ONTAPClusterCreateTimedOut: ONTAP cluster create timed out
Applies to
- NetApp ONTAP Select (OTS) HA
- NetApp ONTAP Select Deploy
- CISCO
- VMWare
- Remote Branch Office (ROBO)
- NAT configured in-between Deploy and OTS
Issue
- ROBO deploy of OTS HA fails to multiple GEOs with the same error:
evtype='ClusterDeployFailed', category='cluster', level='Error', detail='ONTAPClusterCreateTimedOut: ONTAP cluster create timed out. Not all nodes successfully joined cluster "cluster01"
- In the
/opt/netapp/log/sdotadmin_server.log
we see that we are getting timeouts when running cluster-add-node-status-get-iter API. The cluster is created successfully but the node join op looks to be failing:
2021-09-21 18:09:55,560|ERROR| 1474|34586|logger.py|132|ZAPI.py|89:retry| invoke: failed. Reason: timeout('timed out')
2021-09-21 18:09:55,560|DEBUG| 1474|34586|logger.py|132|ZAPI.py|241:invoke|
API: "cluster-add-node-status-get-iter"
User: "admin"
Request:
<suppressed/>
Response:
<suppressed/>
2021-09-21 18:09:55,561|ERROR| 1474|34586|logger.py|132|ClusterZapis.py|286:z_get_cluster_add_node_status| Cluster [cluster01-01]: cluster-add-node-status zapi exception: [timeout('timed out')]
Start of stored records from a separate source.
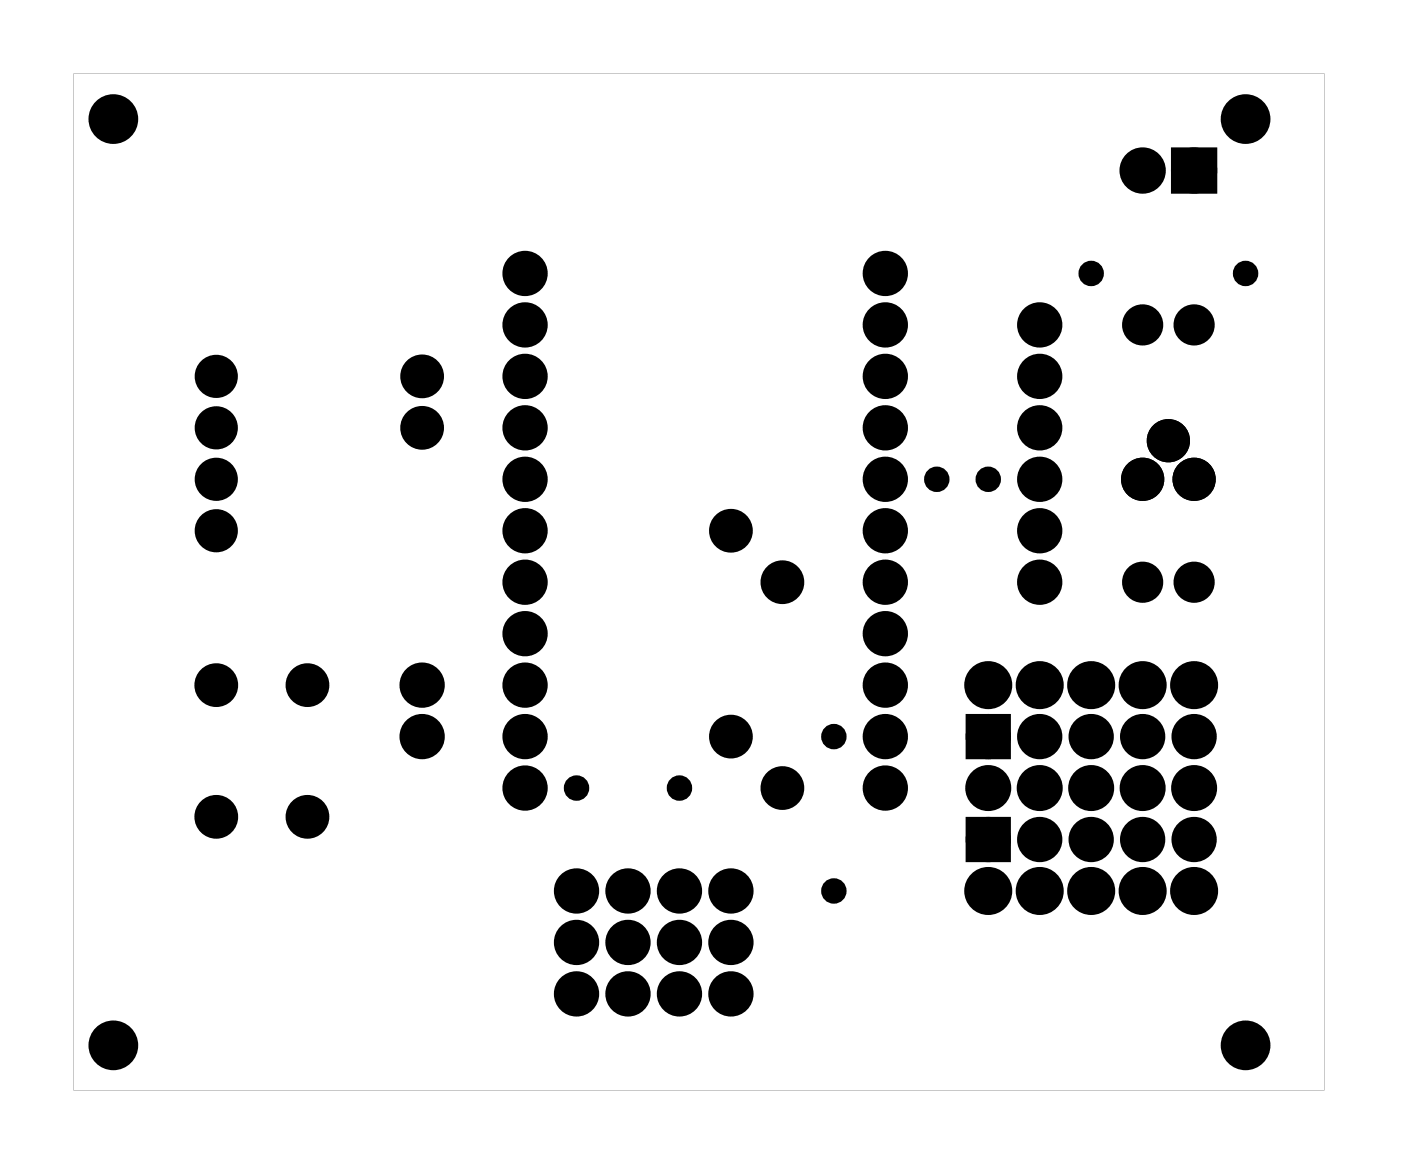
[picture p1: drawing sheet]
<svg xmlns="http://www.w3.org/2000/svg" width="69mm" height="58mm" viewBox="0 0 69 58" stroke-linecap="round" stroke-linejoin="round" font-family="sans-serif">
<g fill="#000">
<path d="M58.2 7.7h1.5v1.5h-1.5zM48 35.6h1.5v1.5h-1.5zM48 40.7h1.5v1.5h-1.5z"/>
<path d="M3.6 3.6v50.2h61.8v-50.2zM3.6 3.6h61.8v50.2h-61.8z"/>
</g>
<g fill="#000">
<circle cx="5.6" cy="5.9" r="1.1"/>
<circle cx="10.7" cy="18.6" r=".76"/>
<circle cx="20.8" cy="18.6" r=".7"/>
<circle cx="25.9" cy="13.5" r=".74"/>
<circle cx="25.9" cy="18.6" r=".74"/>
<circle cx="25.9" cy="16" r=".74"/>
<circle cx="43.7" cy="13.5" r=".74"/>
<circle cx="43.7" cy="18.6" r=".74"/>
<circle cx="43.7" cy="16" r=".74"/>
<circle cx="51.3" cy="18.6" r=".74"/>
<circle cx="51.3" cy="16" r=".74"/>
<circle cx="53.9" cy="13.5" r=".35"/>
<circle cx="56.4" cy="8.4" r=".76"/>
<circle cx="56.4" cy="16" r=".64"/>
<circle cx="58.9" cy="8.4" r=".76"/>
<circle cx="58.9" cy="16" r=".64"/>
<circle cx="61.5" cy="13.5" r=".35"/>
<circle cx="61.5" cy="5.9" r="1.1"/>
<circle cx="10.7" cy="26.2" r=".76"/>
<circle cx="10.7" cy="23.7" r=".76"/>
<circle cx="10.7" cy="21.1" r=".76"/>
<circle cx="10.7" cy="33.8" r=".7"/>
<circle cx="15.2" cy="33.8" r=".7"/>
<circle cx="20.8" cy="21.1" r=".7"/>
<circle cx="20.8" cy="36.4" r=".74"/>
<circle cx="20.8" cy="33.8" r=".74"/>
<circle cx="25.9" cy="38.9" r=".74"/>
<circle cx="25.9" cy="21.1" r=".74"/>
<circle cx="25.9" cy="23.7" r=".74"/>
<circle cx="25.9" cy="33.8" r=".74"/>
<circle cx="25.9" cy="36.4" r=".74"/>
<circle cx="25.9" cy="26.2" r=".74"/>
<circle cx="25.9" cy="31.3" r=".74"/>
<circle cx="25.9" cy="28.7" r=".74"/>
<circle cx="28.5" cy="38.9" r=".35"/>
<circle cx="33.5" cy="38.9" r=".35"/>
<circle cx="36.1" cy="26.2" r=".7"/>
<circle cx="36.1" cy="36.4" r=".7"/>
<circle cx="38.6" cy="28.7" r=".7"/>
<circle cx="38.6" cy="38.9" r=".7"/>
<circle cx="41.2" cy="36.4" r=".35"/>
<circle cx="43.7" cy="38.9" r=".74"/>
<circle cx="43.7" cy="23.7" r=".74"/>
<circle cx="43.7" cy="21.1" r=".74"/>
<circle cx="43.7" cy="28.7" r=".74"/>
<circle cx="43.7" cy="31.3" r=".74"/>
<circle cx="43.7" cy="26.2" r=".74"/>
<circle cx="43.7" cy="33.8" r=".74"/>
<circle cx="43.7" cy="36.4" r=".74"/>
<circle cx="46.2" cy="23.7" r=".35"/>
<circle cx="48.8" cy="36.4" r=".74"/>
<circle cx="48.8" cy="38.9" r=".75"/>
<circle cx="48.8" cy="33.8" r=".8"/>
<circle cx="48.8" cy="23.7" r=".35"/>
<circle cx="51.3" cy="21.1" r=".74"/>
<circle cx="51.3" cy="23.7" r=".74"/>
<circle cx="51.3" cy="28.7" r=".74"/>
<circle cx="51.3" cy="26.2" r=".74"/>
<circle cx="51.3" cy="36.4" r=".74"/>
<circle cx="51.3" cy="38.9" r=".75"/>
<circle cx="51.3" cy="33.8" r=".8"/>
<circle cx="53.9" cy="36.4" r=".74"/>
<circle cx="53.9" cy="38.9" r=".75"/>
<circle cx="53.9" cy="33.8" r=".8"/>
<circle cx="56.4" cy="23.7" r=".67"/>
<circle cx="56.4" cy="28.7" r=".64"/>
<circle cx="56.4" cy="36.4" r=".74"/>
<circle cx="56.4" cy="38.9" r=".75"/>
<circle cx="56.4" cy="33.8" r=".8"/>
<circle cx="57.7" cy="21.8" r=".67"/>
<circle cx="58.9" cy="23.7" r=".67"/>
<circle cx="58.9" cy="28.7" r=".64"/>
<circle cx="58.9" cy="36.4" r=".74"/>
<circle cx="58.9" cy="38.9" r=".75"/>
<circle cx="58.9" cy="33.8" r=".8"/>
<circle cx="5.6" cy="51.6" r="1.1"/>
<circle cx="10.7" cy="40.3" r=".7"/>
<circle cx="15.2" cy="40.3" r=".7"/>
<circle cx="28.5" cy="49.1" r=".74"/>
<circle cx="28.5" cy="44" r=".74"/>
<circle cx="28.5" cy="46.5" r=".74"/>
<circle cx="31" cy="49.1" r=".74"/>
<circle cx="31" cy="46.5" r=".74"/>
<circle cx="31" cy="44" r=".74"/>
<circle cx="33.5" cy="49.1" r=".74"/>
<circle cx="33.5" cy="44" r=".74"/>
<circle cx="33.5" cy="46.5" r=".74"/>
<circle cx="36.1" cy="49.1" r=".74"/>
<circle cx="36.1" cy="44" r=".74"/>
<circle cx="36.1" cy="46.5" r=".74"/>
<circle cx="41.2" cy="44" r=".35"/>
<circle cx="48.8" cy="41.4" r=".74"/>
<circle cx="48.8" cy="44" r=".8"/>
<circle cx="51.3" cy="41.4" r=".74"/>
<circle cx="51.3" cy="44" r=".8"/>
<circle cx="53.9" cy="41.4" r=".74"/>
<circle cx="53.9" cy="44" r=".8"/>
<circle cx="56.4" cy="41.4" r=".74"/>
<circle cx="56.4" cy="44" r=".8"/>
<circle cx="58.9" cy="41.4" r=".74"/>
<circle cx="58.9" cy="44" r=".8"/>
<circle cx="61.5" cy="51.6" r="1.1"/>
</g>
<g fill="none" stroke="#000" stroke-width=".55">
<circle cx="53.9" cy="13.5" r=".35"/>
<circle cx="61.5" cy="13.5" r=".35"/>
<circle cx="28.5" cy="38.9" r=".35"/>
<circle cx="33.5" cy="38.9" r=".35"/>
<circle cx="41.2" cy="36.4" r=".35"/>
<circle cx="46.2" cy="23.7" r=".35"/>
<circle cx="48.8" cy="23.7" r=".35"/>
<circle cx="41.2" cy="44" r=".35"/>
</g>
<g fill="none" stroke="#000" stroke-width=".76" stroke-linecap="butt">
<path d="M58.2 7.7h1.5v1.5h-1.5zM48 35.6h1.5v1.5h-1.5zM48 40.7h1.5v1.5h-1.5z"/>
<circle cx="20.8" cy="18.6" r=".7"/>
<circle cx="25.9" cy="18.6" r=".74"/>
<circle cx="25.9" cy="13.5" r=".74"/>
<circle cx="25.9" cy="16" r=".74"/>
<circle cx="43.7" cy="18.6" r=".74"/>
<circle cx="43.7" cy="13.5" r=".74"/>
<circle cx="43.7" cy="16" r=".74"/>
<circle cx="51.3" cy="16" r=".74"/>
<circle cx="51.3" cy="18.6" r=".74"/>
<circle cx="56.4" cy="8.4" r=".76"/>
<circle cx="56.4" cy="16" r=".64"/>
<circle cx="58.9" cy="8.4" r=".76"/>
<circle cx="58.9" cy="16" r=".64"/>
<circle cx="10.7" cy="33.8" r=".7"/>
<circle cx="15.2" cy="33.8" r=".7"/>
<circle cx="20.8" cy="21.1" r=".7"/>
<circle cx="20.8" cy="33.8" r=".74"/>
<circle cx="20.8" cy="36.4" r=".74"/>
<circle cx="25.9" cy="31.3" r=".74"/>
<circle cx="25.9" cy="23.7" r=".74"/>
<circle cx="25.9" cy="26.2" r=".74"/>
<circle cx="25.9" cy="28.7" r=".74"/>
<circle cx="25.9" cy="21.1" r=".74"/>
<circle cx="25.9" cy="33.8" r=".74"/>
<circle cx="25.9" cy="38.9" r=".74"/>
<circle cx="25.9" cy="36.4" r=".74"/>
<circle cx="36.1" cy="36.4" r=".7"/>
<circle cx="36.1" cy="26.2" r=".7"/>
<circle cx="38.6" cy="38.9" r=".7"/>
<circle cx="38.6" cy="28.7" r=".7"/>
<circle cx="43.7" cy="28.7" r=".74"/>
<circle cx="43.7" cy="23.7" r=".74"/>
<circle cx="43.7" cy="31.3" r=".74"/>
<circle cx="43.7" cy="26.2" r=".74"/>
<circle cx="43.7" cy="21.1" r=".74"/>
<circle cx="43.7" cy="33.8" r=".74"/>
<circle cx="43.7" cy="36.4" r=".74"/>
<circle cx="43.7" cy="38.9" r=".74"/>
<circle cx="48.8" cy="36.4" r=".74"/>
<circle cx="48.8" cy="38.9" r=".75"/>
<circle cx="48.8" cy="33.8" r=".8"/>
<circle cx="51.3" cy="26.2" r=".74"/>
<circle cx="51.3" cy="28.7" r=".74"/>
<circle cx="51.3" cy="23.7" r=".74"/>
<circle cx="51.3" cy="21.1" r=".74"/>
<circle cx="51.3" cy="36.4" r=".74"/>
<circle cx="51.3" cy="38.9" r=".75"/>
<circle cx="51.3" cy="33.8" r=".8"/>
<circle cx="53.9" cy="36.4" r=".74"/>
<circle cx="53.9" cy="38.9" r=".75"/>
<circle cx="53.9" cy="33.8" r=".8"/>
<circle cx="56.4" cy="28.7" r=".64"/>
<circle cx="56.4" cy="36.4" r=".74"/>
<circle cx="56.4" cy="38.9" r=".75"/>
<circle cx="56.4" cy="33.8" r=".8"/>
<circle cx="58.9" cy="28.7" r=".64"/>
<circle cx="58.9" cy="36.4" r=".74"/>
<circle cx="58.9" cy="38.9" r=".75"/>
<circle cx="58.9" cy="33.8" r=".8"/>
<circle cx="10.7" cy="40.3" r=".7"/>
<circle cx="15.2" cy="40.3" r=".7"/>
<circle cx="28.5" cy="49.1" r=".74"/>
<circle cx="28.5" cy="44" r=".74"/>
<circle cx="28.5" cy="46.5" r=".74"/>
<circle cx="31" cy="44" r=".74"/>
<circle cx="31" cy="49.1" r=".74"/>
<circle cx="31" cy="46.5" r=".74"/>
<circle cx="33.5" cy="44" r=".74"/>
<circle cx="33.5" cy="49.1" r=".74"/>
<circle cx="33.5" cy="46.5" r=".74"/>
<circle cx="36.1" cy="44" r=".74"/>
<circle cx="36.1" cy="49.1" r=".74"/>
<circle cx="36.1" cy="46.5" r=".74"/>
<circle cx="48.8" cy="41.4" r=".74"/>
<circle cx="48.8" cy="44" r=".8"/>
<circle cx="51.3" cy="41.4" r=".74"/>
<circle cx="51.3" cy="44" r=".8"/>
<circle cx="53.9" cy="41.4" r=".74"/>
<circle cx="53.9" cy="44" r=".8"/>
<circle cx="56.4" cy="41.4" r=".74"/>
<circle cx="56.4" cy="44" r=".8"/>
<circle cx="58.9" cy="41.4" r=".74"/>
<circle cx="58.9" cy="44" r=".8"/>
</g>
<g fill="none" stroke="#000" stroke-width=".25">
<circle cx="5.6" cy="5.9" r="1.1"/>
<circle cx="61.5" cy="5.9" r="1.1"/>
<circle cx="5.6" cy="51.6" r="1.1"/>
<circle cx="61.5" cy="51.6" r="1.1"/>
</g>
<g fill="none" stroke="#000" stroke-width=".61" stroke-linecap="butt">
<circle cx="10.7" cy="18.6" r=".76"/>
<circle cx="10.7" cy="23.7" r=".76"/>
<circle cx="10.7" cy="21.1" r=".76"/>
<circle cx="10.7" cy="26.2" r=".76"/>
</g>
<g fill="none" stroke="#000" stroke-width=".79" stroke-linecap="butt">
<circle cx="56.4" cy="23.7" r=".67"/>
<circle cx="57.7" cy="21.8" r=".67"/>
<circle cx="58.9" cy="23.7" r=".67"/>
</g>
</svg>

- Pinging the Deploy IP from the OTS cluster-mgmt LIF works but not vice versa
- When moving the cluster-mgmt LIF to another port (e0b) its IP can be pinged, but when moving it back to the default port (e0a) Ping will fail again.
- Both Node mgmt LIF`s can be Pinged from Deploy CLI.
- When shutting down the first nodes (where the cluster-mgmt LIF is home) node-mgmt LIF, the cluster-mgmt LIF is pingable.
- When bringing the node-mgmt LIF online again, nothing changes in terms of the cluster-mgmt LIFs reachability, but the node-mgmt LIF is now no longer pingable.
- When shutting down the cluster-mgmt LIF, node-mgmt LIF is reachable again.
- When bringing the cluster-mgmt LIF back online again, it cannot be pinged or accessed, as before.